I agree, I love my ST-E2 for that reason. Why they removed it on the ST-E3 is baffling. If you want to buy new you only have three choices right now: 430EX II and 600EX-RT, neither of which is small or light; or the ST-E2 with a soon to be out-out-of-date protocol and a battery that is becoming pretty rare.

Even the relatively ancient 220EX had a proper AF assist beam (albeit only for the center AF point and a range of 16 ft). I feel that all flashes and commanders should have proper AF assistance. Is Canon so confident in its newest AF technology that it doesn't feel the need to add these things anymore? And what about those of us who don't have a 1D X, 5D Mark III or 6D?


----------



## Wildfire (Jul 18, 2013)

KyleSTL said:


> Is Canon so confident in its newest AF technology that it doesn't feel the need to add these things anymore?



I've found that I almost don't need AF assist with the 6D's super-sensitive center point, however focus still locks quicker with the AF assist on so I continue to use it (and will refuse to buy an ST-E3 because it lacks that feature)


----------



## privatebydesign (Jul 18, 2013)

KyleSTL said:


> Why they removed it on the ST-E3 is baffling.

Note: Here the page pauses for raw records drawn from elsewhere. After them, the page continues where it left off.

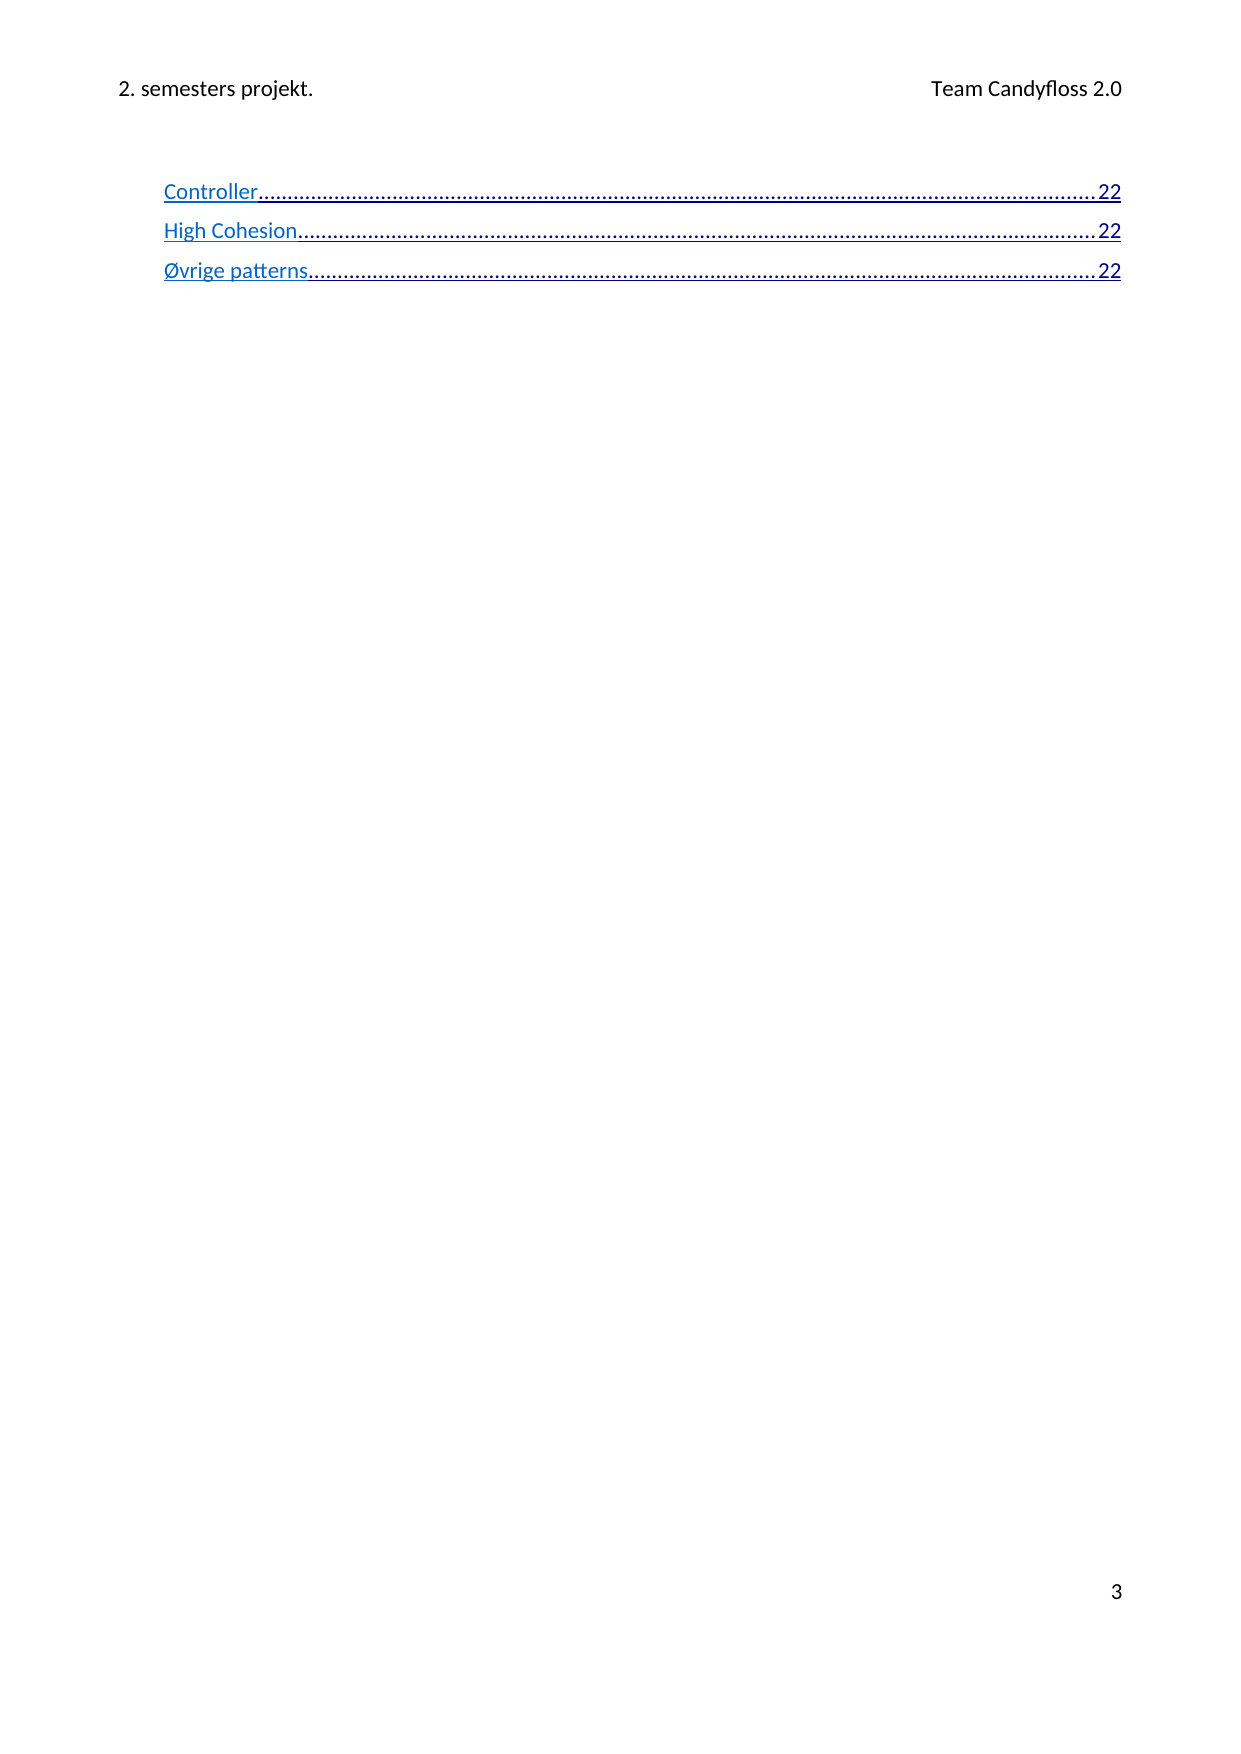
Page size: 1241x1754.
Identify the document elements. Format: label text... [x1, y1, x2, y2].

text High Cohesion 22 [164, 216, 1122, 244]
text Øvrige patterns 22 [164, 256, 1122, 284]
text Controller 22 [164, 177, 1122, 205]
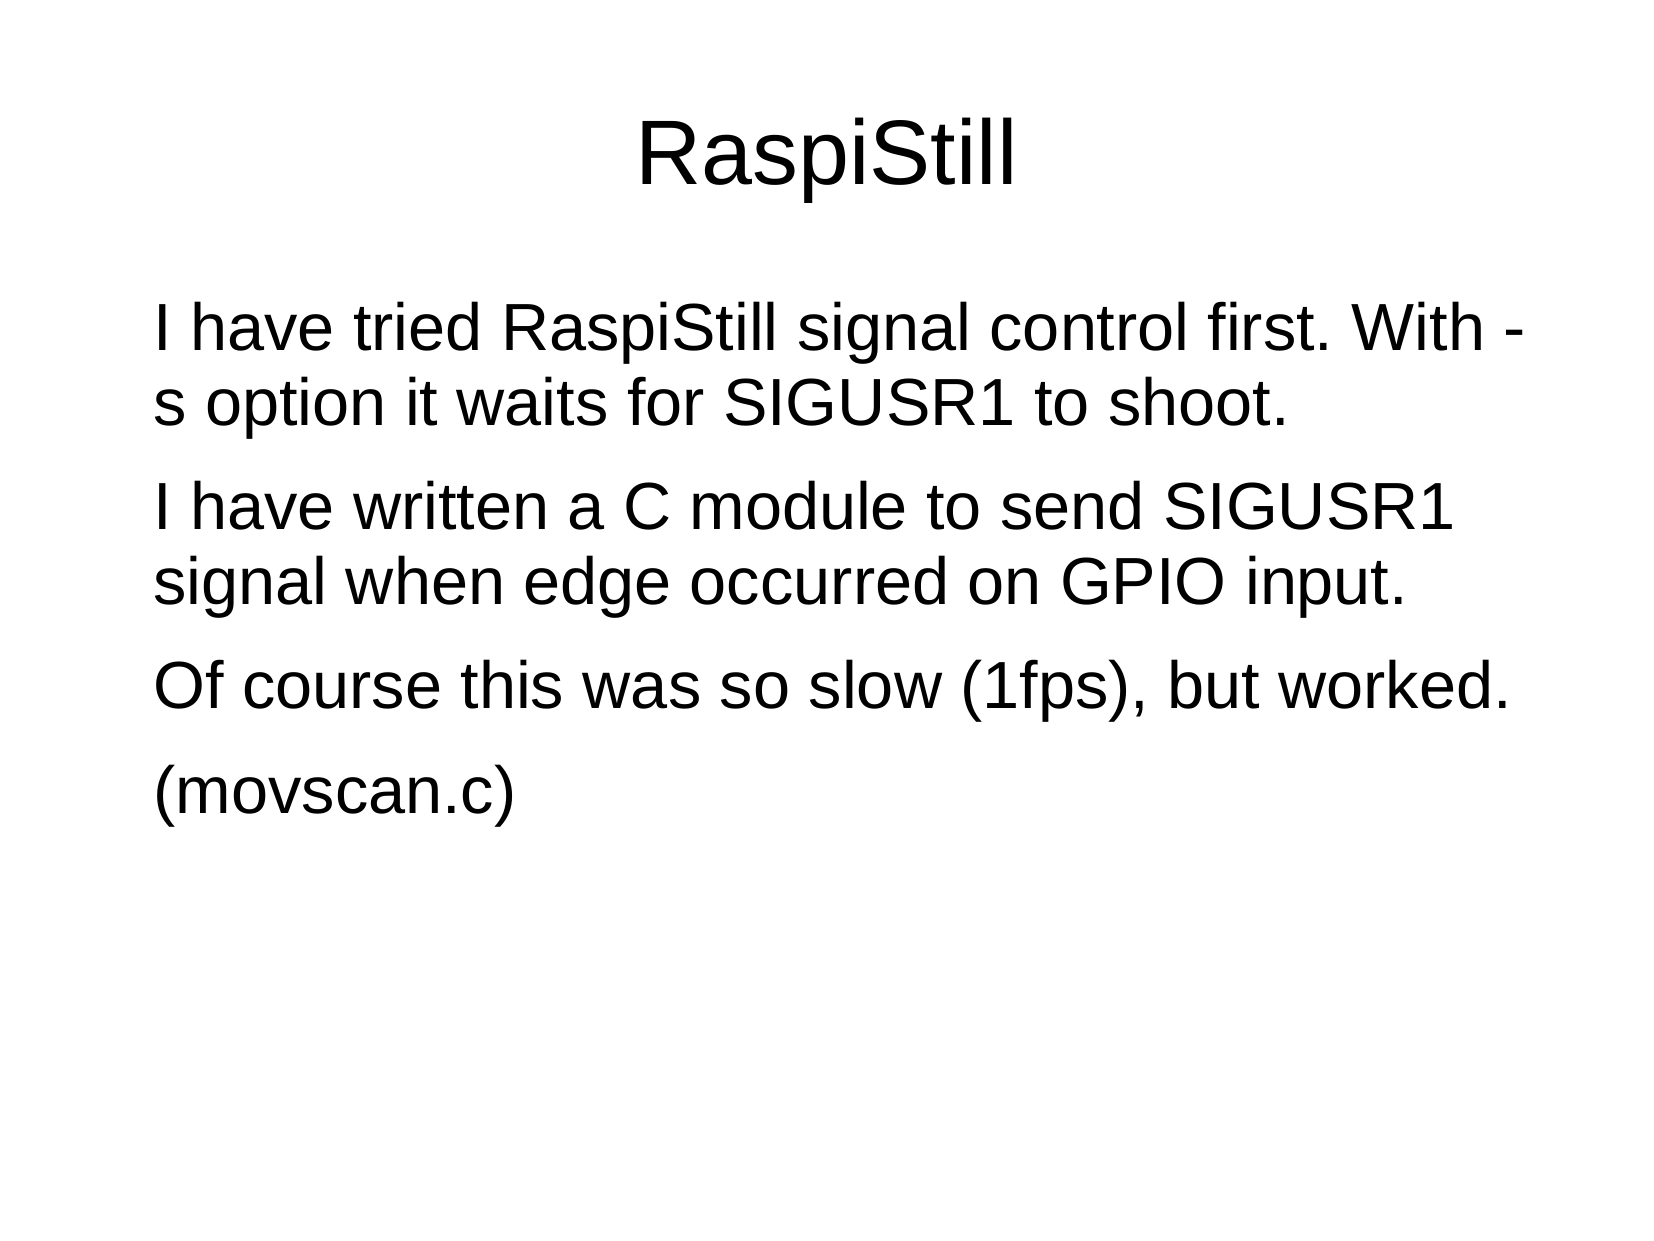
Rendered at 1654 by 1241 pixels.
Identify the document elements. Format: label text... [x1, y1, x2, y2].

Not really, the ST-E3-RT is a radio based wireless transmitter, the ST-E2 is a wireless communication device that uses light to transmit information, *the ST-E2 has to have a light emitting tube,* so enabling AF assist is comparatively easy with no additional hardware costs. The ST-E3-RT, does not need a light emitting tube to fulfill its primary function, radio flash control, adding AF assist is no small job and would necessitate addition hardware and costs.


----------



## neuroanatomist (Jul 18, 2013)

privatebydesign said:


> KyleSTL said:
> 
> 
> > Why they removed it on the ST-E3 is baffling.
> ...



Not really. The AF assist lamp on the ST-E2 is separate from the xenon flash tube that's used to trigger remote flashes. There's no reason it couldn't have been added to the ST-E3...except to induce people to spend twice as much on a 600EX-RT as a master, if they want an AF assist lamp.


----------



## privatebydesign (Jul 18, 2013)

Good point  

If I wanted AF assist I'd campaign to Yonuguo for either a YT-E3-RT with assist, or a small AF assist unit with a pass-through. Their ST-E2 clone has bounce capabilities which the Canon doesn't.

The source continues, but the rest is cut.